Development of a Tic Service Model for Children and Young People in England: A Delphi Study

28 Apr 20264 min read0 viewsJournal Feed

GIST

Objectives To develop an evidence-based, consensus-driven service model for the identification, assessment and treatment of tic disorders in children and young people (CYP) in England, addressing the absence of dedicated pathways and national clinical guidance. Design Two-stage consensus study comprising a Delphi survey, expert/patient and public involvement (PPI) review and regional stakeholder workshops.

Setting UK healthcare and community settings relevant to tic disorder assessment and management (primary care, neurodevelopmental services, child and adolescent mental health services). Participants Stage 1: UK-based clinicians, researchers and practitioners with expertise in tic disorders (Delphi panel; n=49; 98% retention across rounds).

Stage 2: regional stakeholders including clinicians, commissioners, service managers, third-sector representatives and parents/carers (n=36). Eligibility required relevant professional or lived experience; no exclusions applied beyond this criterion.

Primary outcome Identification of a consensus-based component of a best-practice service model for tic disorders and barriers and facilitators to implementation across regional pathways.

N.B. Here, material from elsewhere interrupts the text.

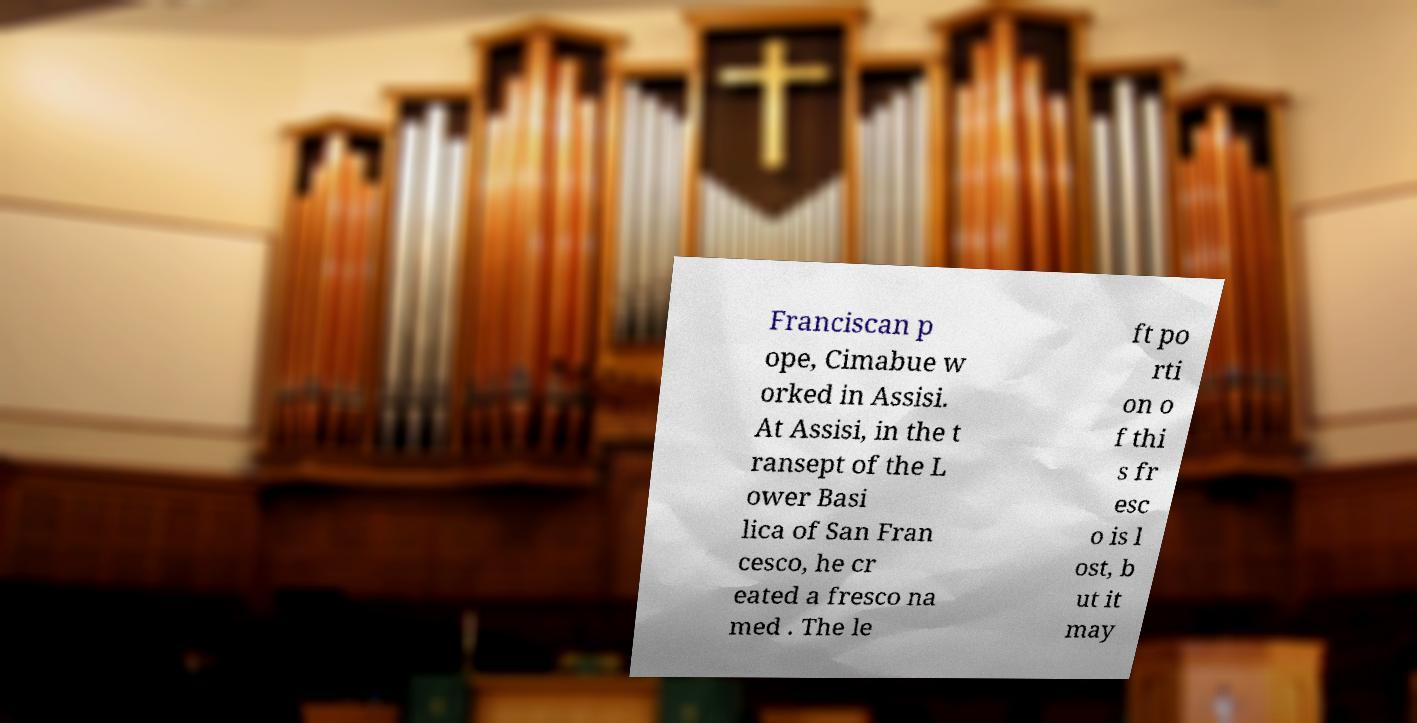There's text embedded in this image that I need extracted. Can you transcribe it verbatim? Franciscan p ope, Cimabue w orked in Assisi. At Assisi, in the t ransept of the L ower Basi lica of San Fran cesco, he cr eated a fresco na med . The le ft po rti on o f thi s fr esc o is l ost, b ut it may

Results The Delphi process generated consensus on 40 core components, refined to 43 following expert and PPI review.

Clinical Editorial

Scope and purpose

The study aimed to create an evidence-based, consensus-driven model for identification, assessment, and treatment of tic disorders in children and young people (CYP) within England, addressing gaps in dedicated pathways and national guidance.
Design integrated a two-stage consensus process: a Delphi survey with expert input, followed by expert/PPI (patient and public involvement) review and regional stakeholder workshops to refine and contextualize the model.

Participants and settings

Eligibility required relevant professional or lived experience; no other exclusions.

Stage 1 Delphi panel consisted of UK-based clinicians, researchers, and practitioners specializing in tic disorders (n=49; 98% retention across rounds).
Stage 2 involved regional stakeholders—clinicians, commissioners, service managers, third-sector representatives, and parents/carers (n=36).

Core findings and model components

The Delphi process yielded consensus on an initial set of 40 core components, which were refined to 43 after expert and PPI input.
Agreed elements encompassed referral criteria, comprehensive assessment, psychoeducation, behavioural interventions, pharmacological options, and integrated cross-service collaboration.

Implementation context and challenges

Regional stakeholder workshops underscored practical barriers to implementation, notably workforce training needs, funding constraints, and the necessity for coordination across neurodevelopmental and mental health services.
These insights informed adaptations to ensure the model is feasible within real-world regional pathways.

Conclusions and implications for practice

The resulting consensus-informed service model provides structured, UK-specific guidance intended to support earlier identification, appropriate intervention, and improved care coordination for CYP with tic disorders.
The authors advocate future research to evaluate real-world implementation and impact, recognizing that evidence on outcomes and scalability remains to be established.

Limitations and uncertainty

The report notes the need for real-world evaluation to determine practical effects, and acknowledges implementation challenges identified by stakeholders, such as workforce and funding constraints.
The summary reflects only information explicitly reported in the source; no additional data on outcomes or quantitative impact were provided.